Club featured topless photo shoots on its colour centre-spreads and often used actresses and models on its covers.
Terry Hornet was editor and production was headed by Bridget Rowe
- possibly the same woman who went on to edit Women's World (also
under Hornett at Carlton) and later the Sunday Mirror and
the People. Christopher Ward wrote a column.

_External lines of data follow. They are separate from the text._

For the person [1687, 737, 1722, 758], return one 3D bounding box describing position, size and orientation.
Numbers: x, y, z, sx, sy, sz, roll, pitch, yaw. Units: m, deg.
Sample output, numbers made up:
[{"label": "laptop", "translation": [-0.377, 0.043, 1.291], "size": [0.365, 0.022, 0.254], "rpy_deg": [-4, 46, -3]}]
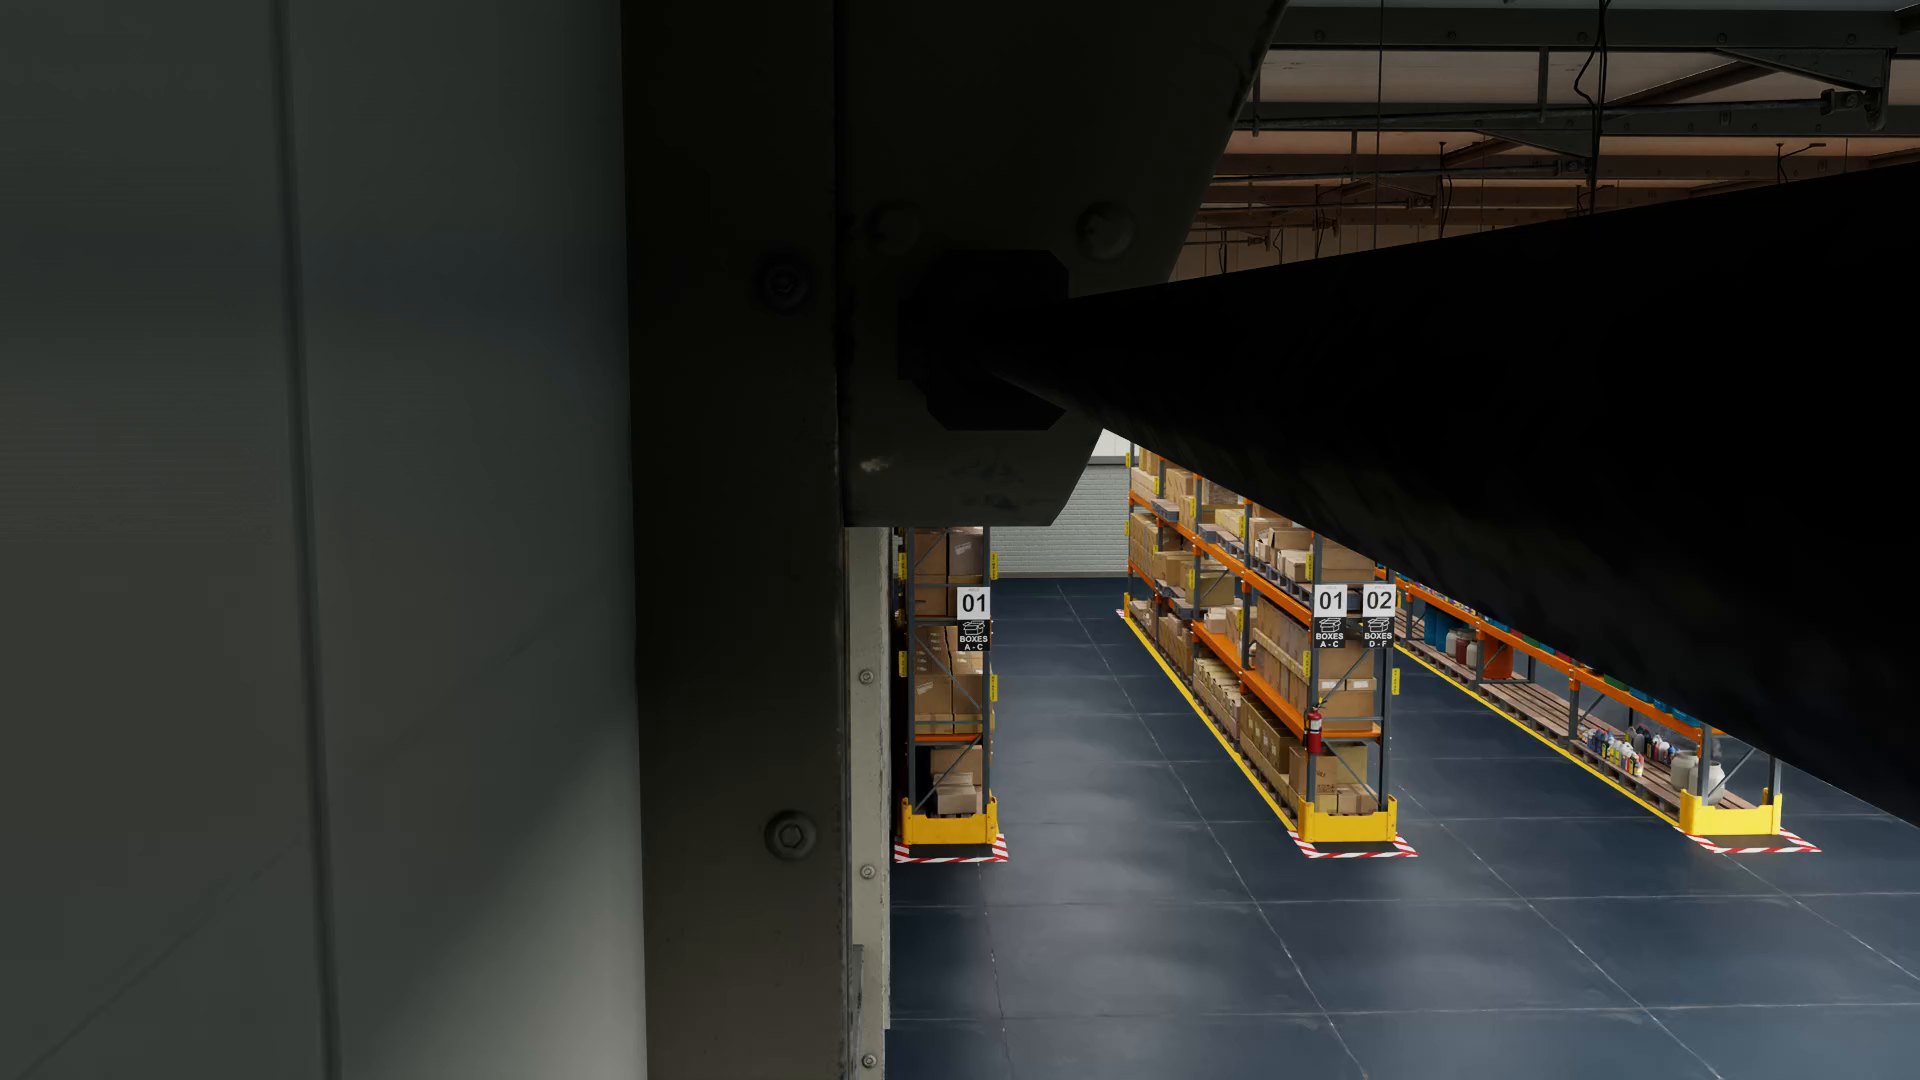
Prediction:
[{"label": "person", "translation": [11.186, 2.394, 24.698], "size": [0.648, 1.590, 1.135], "rpy_deg": [0, 7, -3]}]

Issues were typically divided into four sections:
- Club reports: news and features.
- Sporting Club
- Club Collection: features.
- Pleasure Club: reviews, fashion.
Interposed among the sections were two or three topless photo
shoots.
Club lasted just 21 issues. An editorial on the back
page of the last issue ('Thank you and good night') claimed that about half a million men read Club each
month, but only 80,000 bought it - too few to
sustain the magazine. IPC's failure was seen as having wider repercussions:
'The shame is that Club's closing will probably make any
other publisher wary of putting out a similar product for young
men.' As can be seen in the Men's
Magazine History, that statement
was prophetic.
Cover models included Jane Birkin (actress in 1966 film Blowup and
singer of 'Je t'aime' with husband Serge Gainsbourg); Marsha Hunt
(singer in Hair who posed nude for Patrick Lichfield
on a Vogue January 1969 cover shot); Raquel Welch (twice);
Vivien Neves (in 1971, the first nude model to
appear in The Times, who contracted MS aged just
54); and Brigitte Bardot - with the cover line 'The sexual appeal
of the older woman'. Bardot was also used as the cover model for
the re-issue of Esquire in the UK in 1991.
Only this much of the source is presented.